Se encienden las alarmas en la República Dominicana y es que en los primeros meses de este año, la violencia ha cobrado la vida de 32 mujeres.
Una estadística dolorosa que marcan cifras rojas en la República Dominicana, vuelve a poner sobre la mesa una pregunta urgente: ¿está funcionando el sistema para proteger a las mujeres que han sido víctimas de violencia?
De acuerdo con los reportes oficiales, la tragedia de estos 32 feminicidios deja al descubierto no solo la vulnerabilidad de las mujeres, sino también los retos del sistema judicial.

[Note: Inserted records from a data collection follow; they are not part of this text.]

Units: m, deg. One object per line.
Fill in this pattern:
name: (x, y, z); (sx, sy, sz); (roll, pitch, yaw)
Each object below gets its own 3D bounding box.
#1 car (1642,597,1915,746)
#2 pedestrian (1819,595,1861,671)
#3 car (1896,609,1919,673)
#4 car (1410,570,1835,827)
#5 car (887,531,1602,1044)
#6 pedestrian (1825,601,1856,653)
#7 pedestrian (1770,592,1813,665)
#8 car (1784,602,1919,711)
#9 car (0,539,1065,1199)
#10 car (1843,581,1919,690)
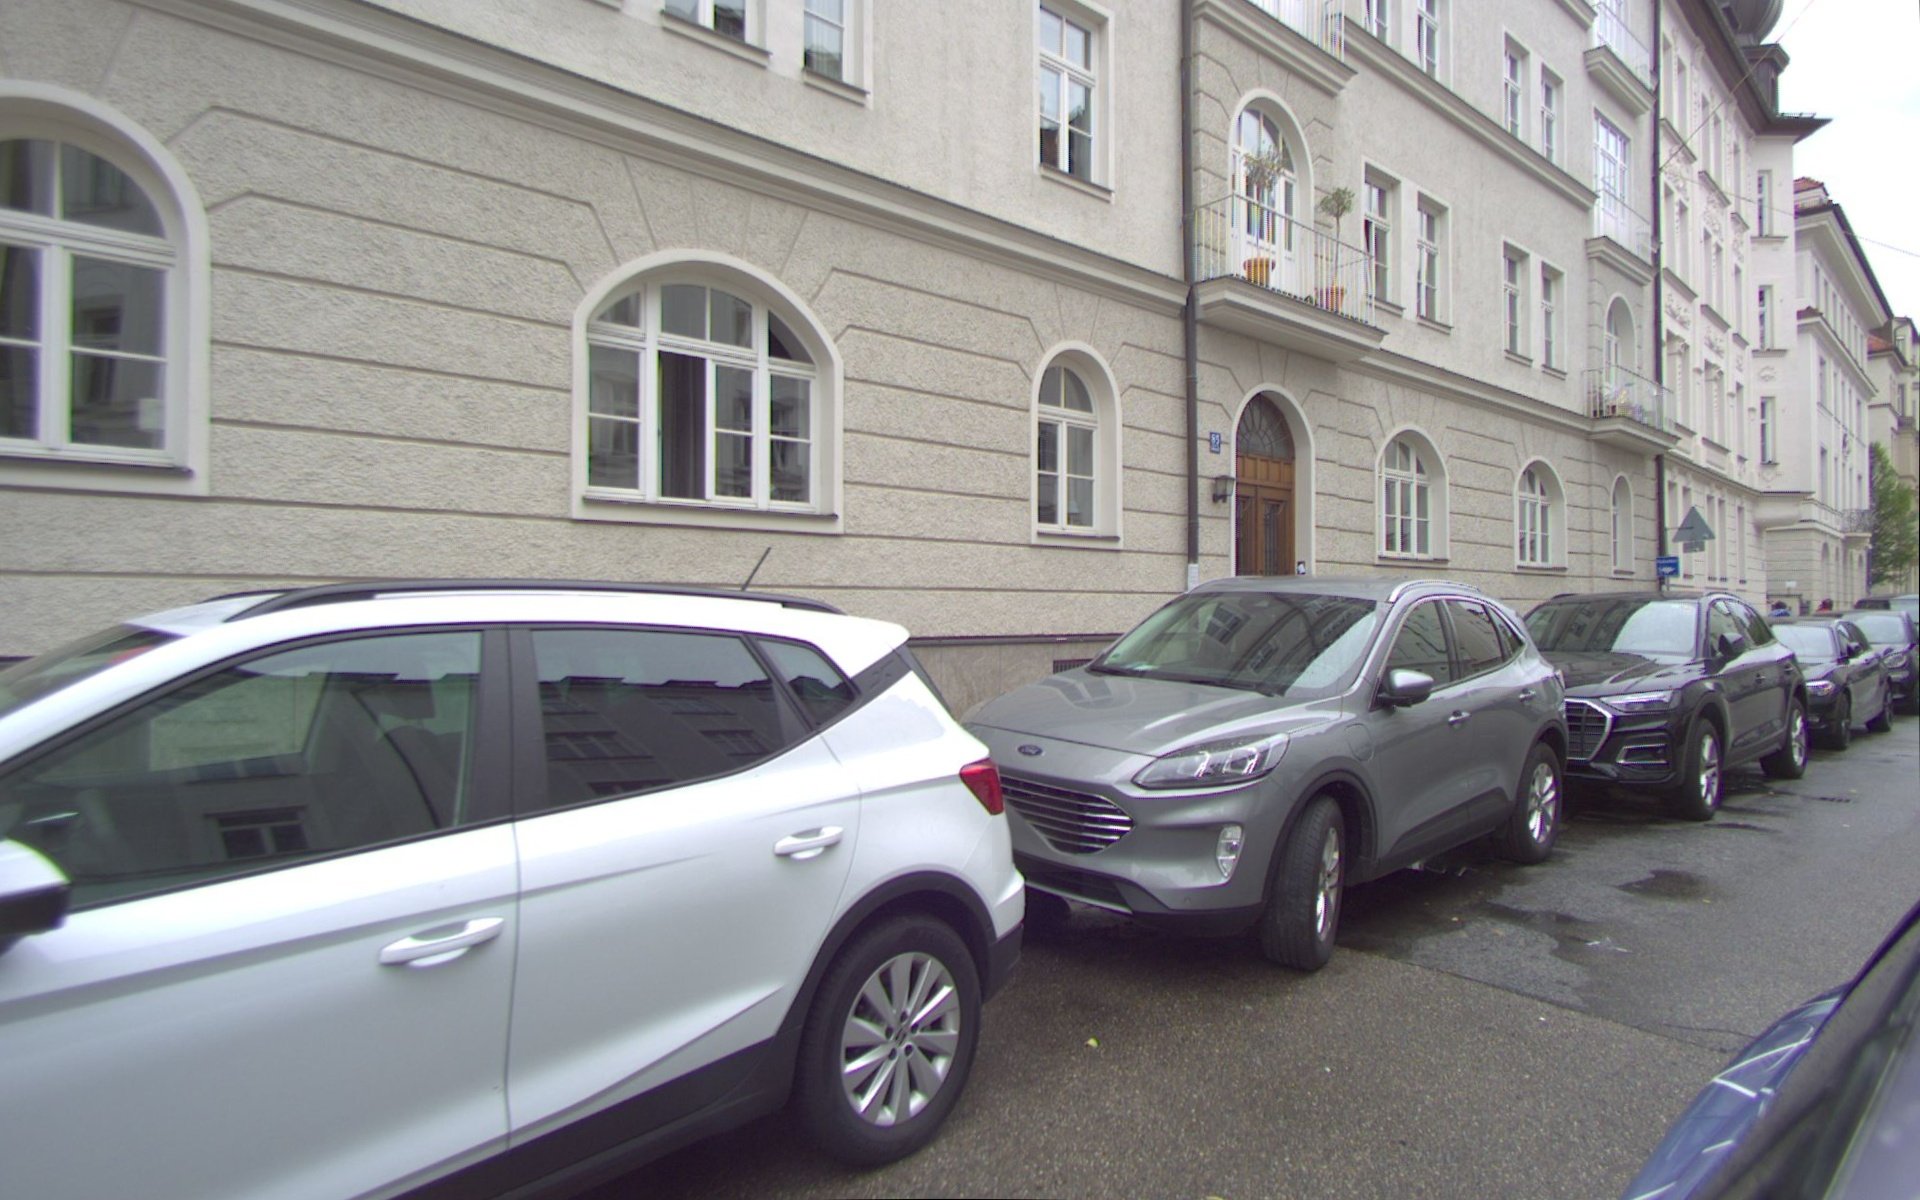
car: (9.881, 0.732, 12.117); (4.124, 1.490, 1.710); (1, -1, -39)
pedestrian: (20.947, 0.775, 24.089); (0.692, 1.750, 0.703); (1, 0, -44)
car: (22.976, 0.898, 23.267); (3.518, 1.413, 1.666); (0, -2, -40)
car: (5.757, 0.666, 8.591); (4.296, 1.657, 1.781); (0, -2, -39)
car: (1.855, 0.639, 5.576); (4.351, 1.735, 1.792); (0, 0, -43)
pedestrian: (29.864, 0.918, 34.335); (0.798, 1.700, 0.683); (2, 1, -43)
pedestrian: (19.952, 0.661, 24.281); (0.643, 1.695, 0.680); (1, 1, -44)
car: (14.473, 0.829, 16.017); (3.574, 1.545, 1.657); (1, -2, -42)
car: (-1.643, 0.678, 2.395); (1.751, 1.515, 3.846); (-1, -1, 45)
car: (18.491, 0.630, 19.290); (4.633, 1.910, 1.913); (0, -3, -42)

De los responsables de estos crímenes, actualmente solo el 54% permanece bajo arresto enfrentando la justicia.
Este porcentaje abre una interrogante preocupante sobre el 46% restante. En muchos de estos casos, como es tristemente común en estas tragedias, el agresor toma la decisión de quitarse la vida tras cometer el hecho, mientras que otros logran evadir a las autoridades y se mantienen prófugos, dejando a familias enteras a la espera de respuestas.

Estos números no son solo estadísticas; son madres, hijas y hermanas que hoy faltan en sus hogares. Esta preocupante realidad reitera la necesidad urgente de fortalecer las políticas de prevención, endurecer las medidas de protección para quienes denuncian y garantizar que todo el peso de la ley caiga sobre los agresores.